[Start of section]

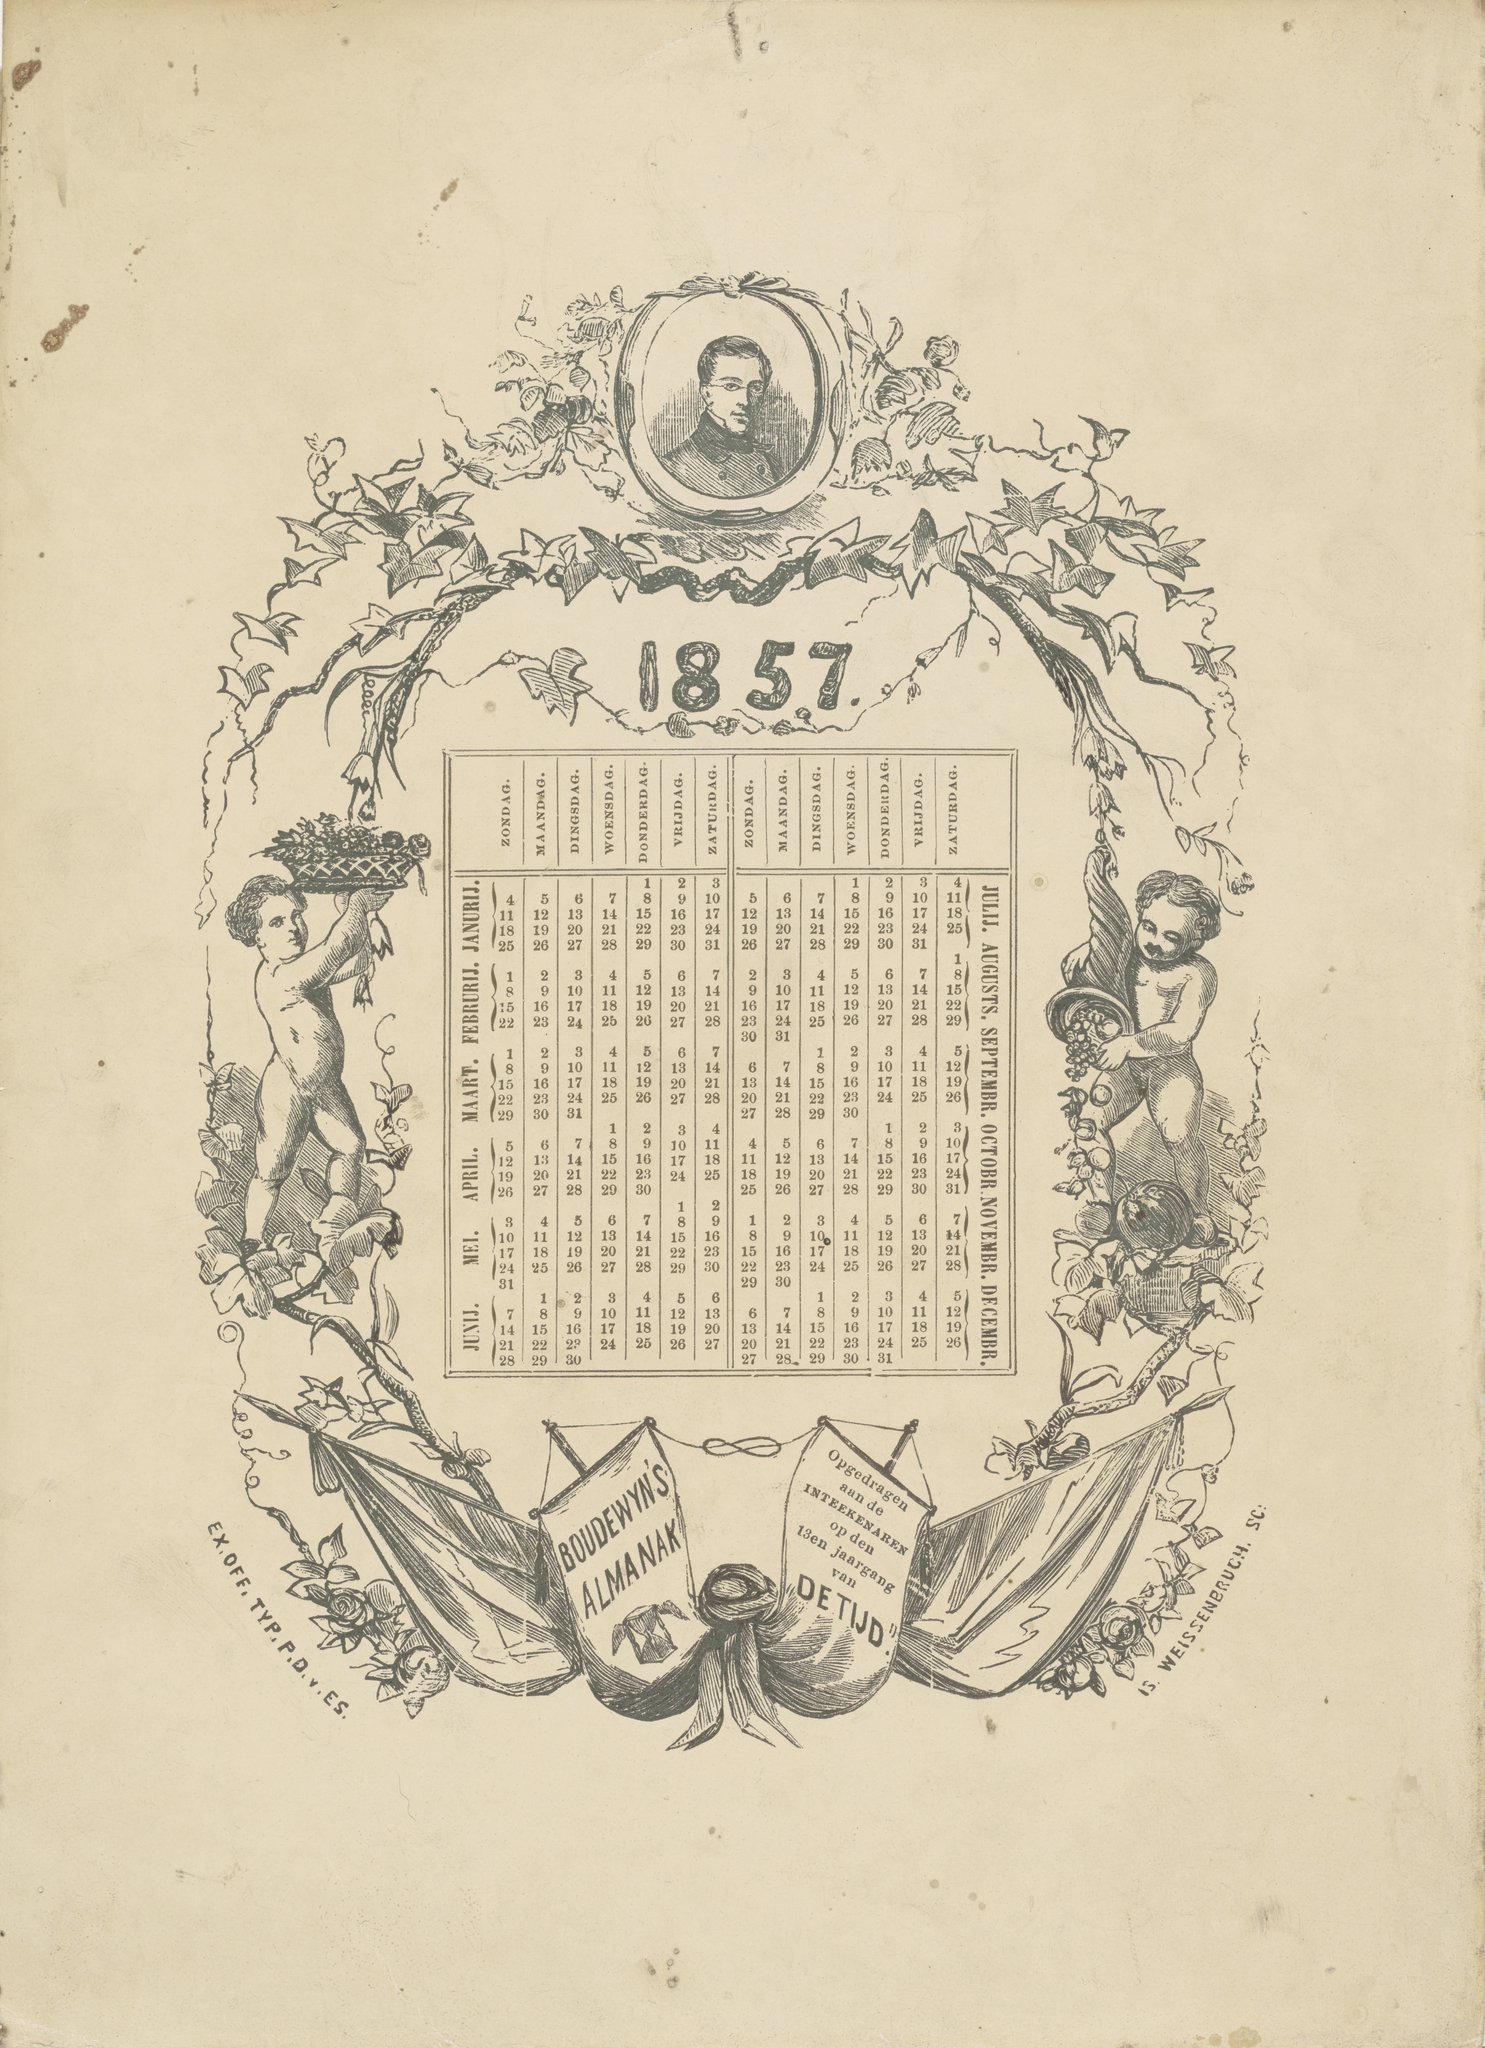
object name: print
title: Kalender voor 1857 in een geornamenteerde omlijsting
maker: isaac weissenbruch
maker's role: print maker
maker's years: 1826-1912
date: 1857
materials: paper
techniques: engraving
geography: netherlands
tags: plants (in general), 'cornucopia', horn of plenty, calendar, almanac, cupids: 'amores', 'amoretti', 'putti'
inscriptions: collector's mark: Lugt 2228
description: De twaalf maanden van het jaar met de dagen van de week. Midden boven een portret van een man met een bril. Daar omheen bloemen, planten en een aantal putti met de hoorn des overvloeds.

[End of section]

Only the lines from the top of the material above down to the line bearing "inscriptions: collector's mark: Lugt 2228", that line included, should be set down exactly; no pictures.

object name: print
title: Kalender voor 1857 in een geornamenteerde omlijsting
maker: isaac weissenbruch
maker's role: print maker
maker's years: 1826-1912
date: 1857
materials: paper
techniques: engraving
geography: netherlands
tags: plants (in general), 'cornucopia', horn of plenty, calendar, almanac, cupids: 'amores', 'amoretti', 'putti'
inscriptions: collector's mark: Lugt 2228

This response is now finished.